- Assignment
Would you return each record that follows word for word, without its pictures?

- Source material
»»
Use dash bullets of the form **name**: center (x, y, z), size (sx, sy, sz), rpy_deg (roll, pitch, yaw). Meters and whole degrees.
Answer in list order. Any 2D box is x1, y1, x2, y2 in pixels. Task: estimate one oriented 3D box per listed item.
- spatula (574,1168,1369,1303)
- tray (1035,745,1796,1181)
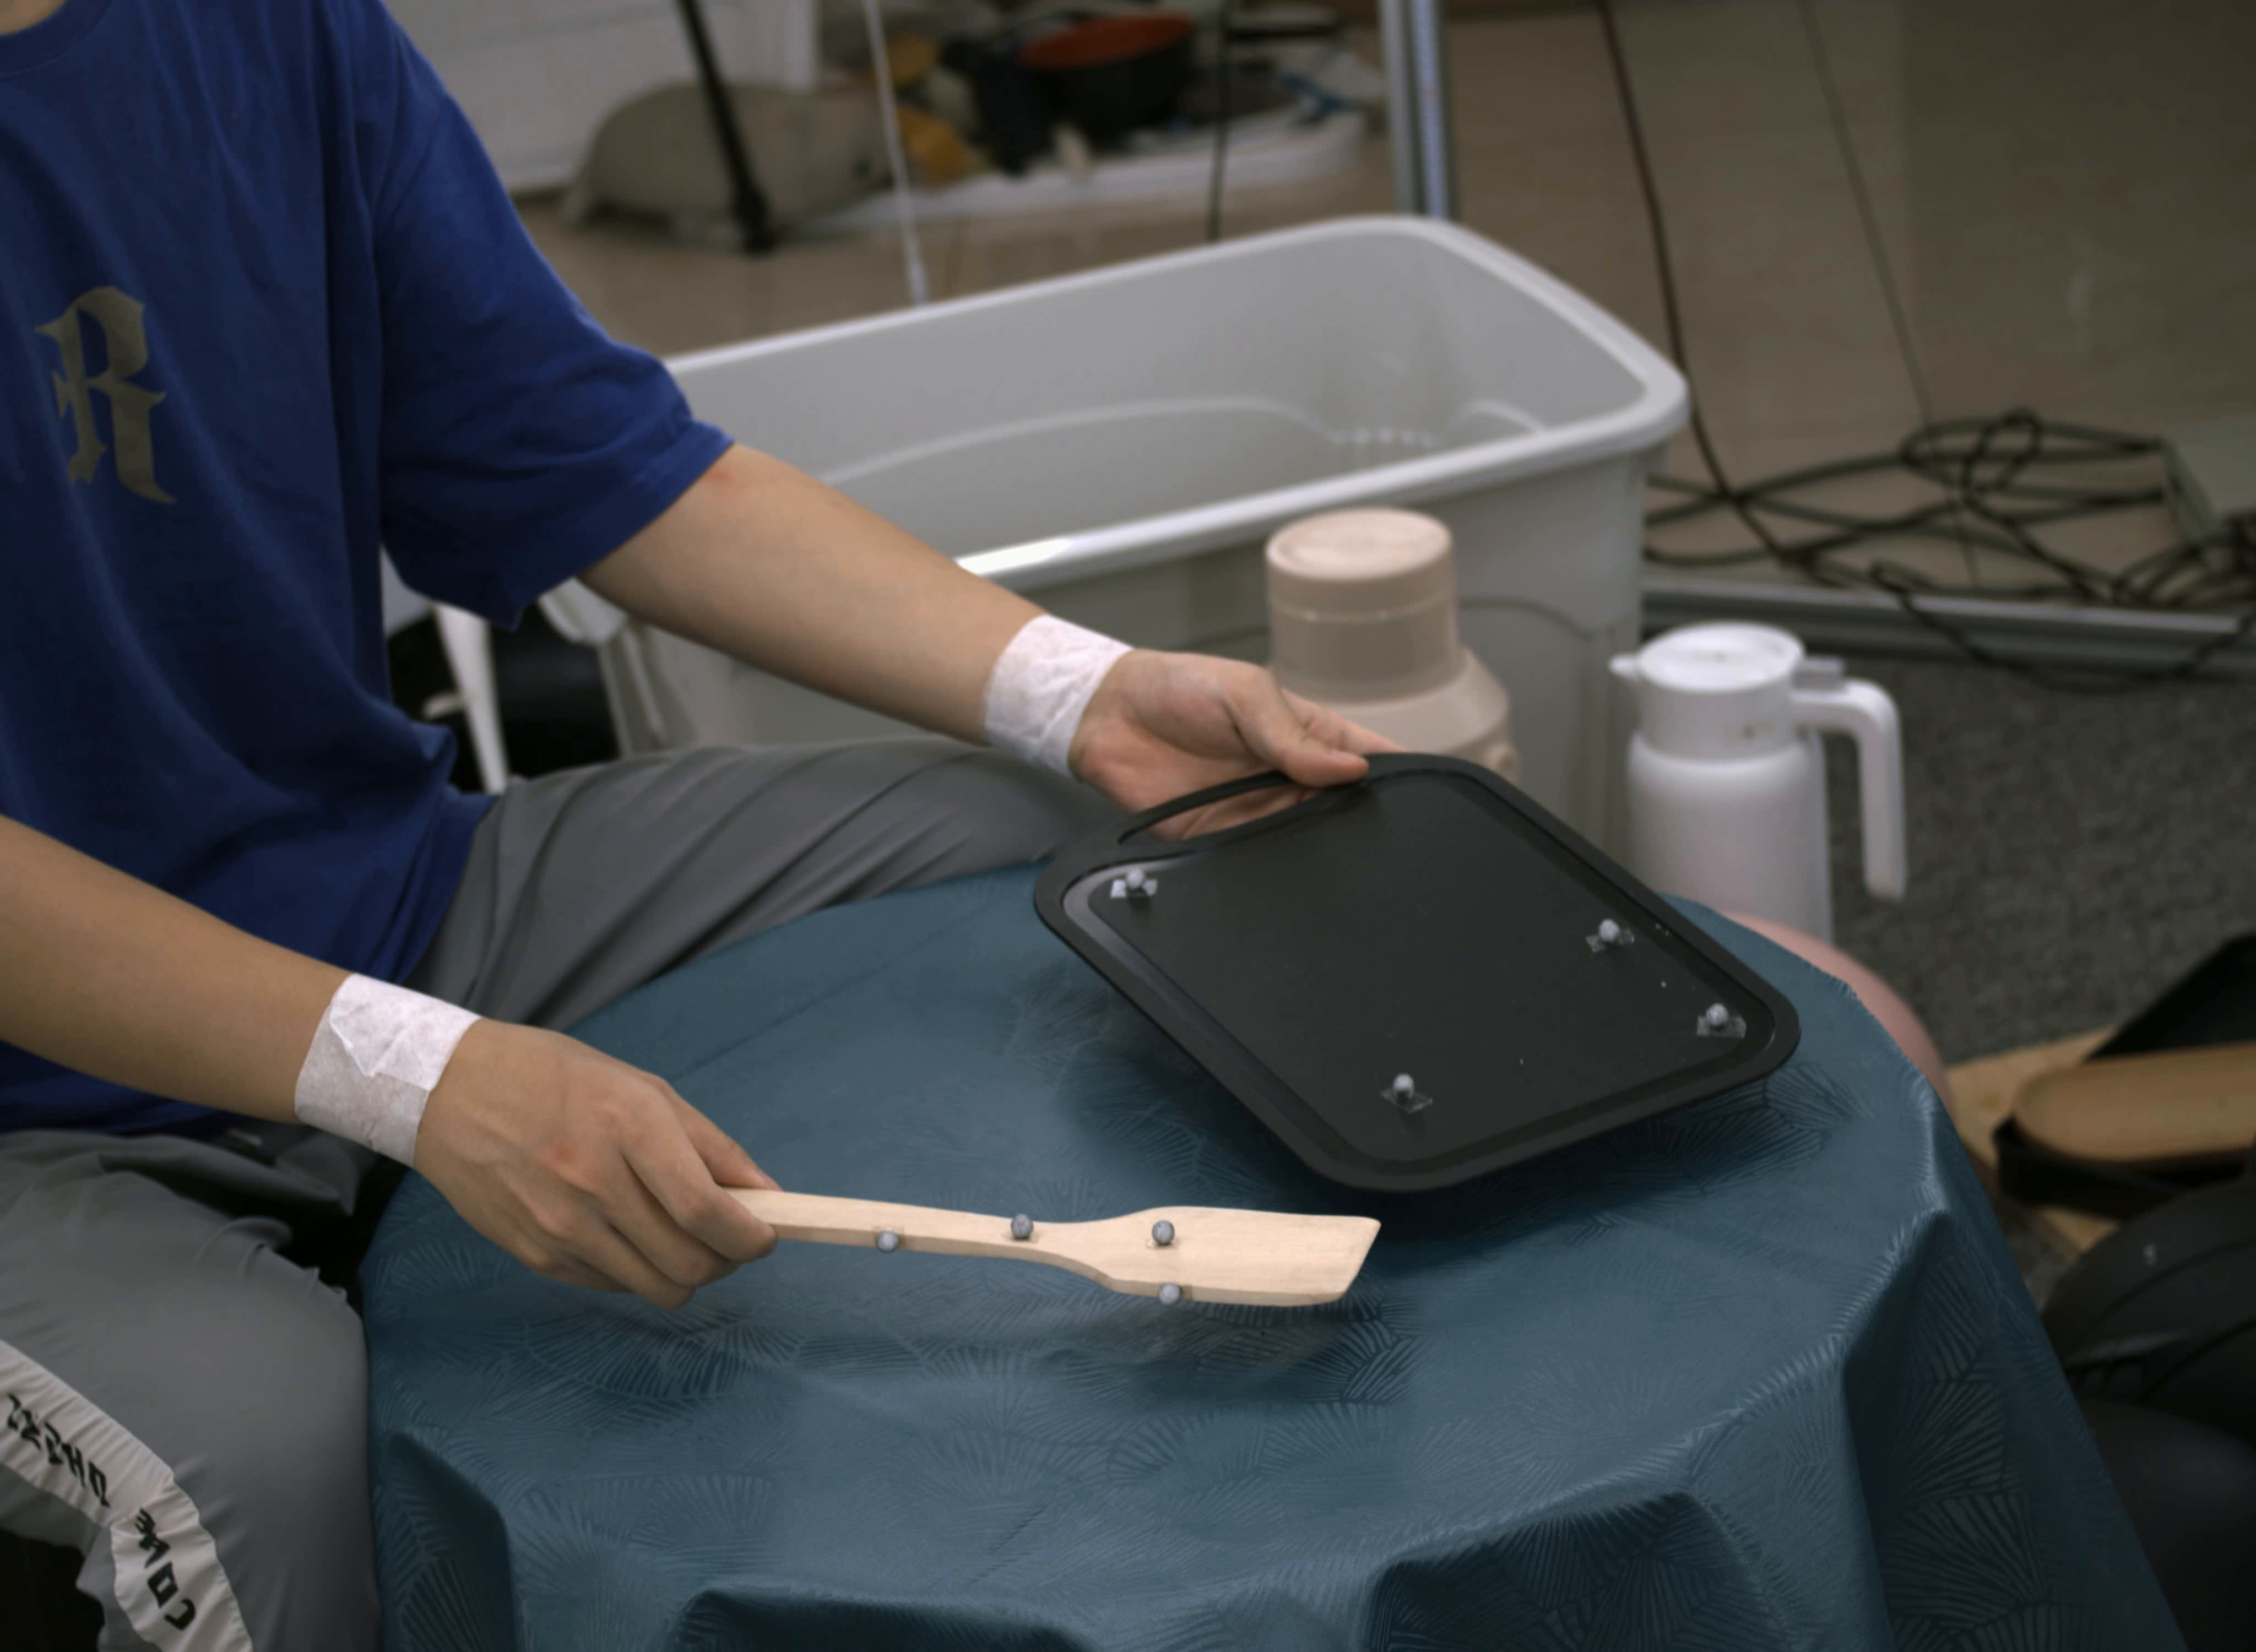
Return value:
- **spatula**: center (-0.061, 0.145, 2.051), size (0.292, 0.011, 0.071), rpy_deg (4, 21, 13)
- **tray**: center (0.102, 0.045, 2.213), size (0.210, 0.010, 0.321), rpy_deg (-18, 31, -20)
««
- Output for this task
Use dash bullets of the form **name**: center (x, y, z), size (sx, sy, sz), rpy_deg (roll, pitch, yaw). Meters and whole degrees.
Answer in list order. Any 2D box is x1, y1, x2, y2 in pixels. Task: estimate one oriented 3D box per listed item.
- spatula (574,1168,1369,1303)
- tray (1035,745,1796,1181)
Return value:
- **spatula**: center (-0.061, 0.145, 2.051), size (0.292, 0.011, 0.071), rpy_deg (4, 21, 13)
- **tray**: center (0.102, 0.045, 2.213), size (0.210, 0.010, 0.321), rpy_deg (-18, 31, -20)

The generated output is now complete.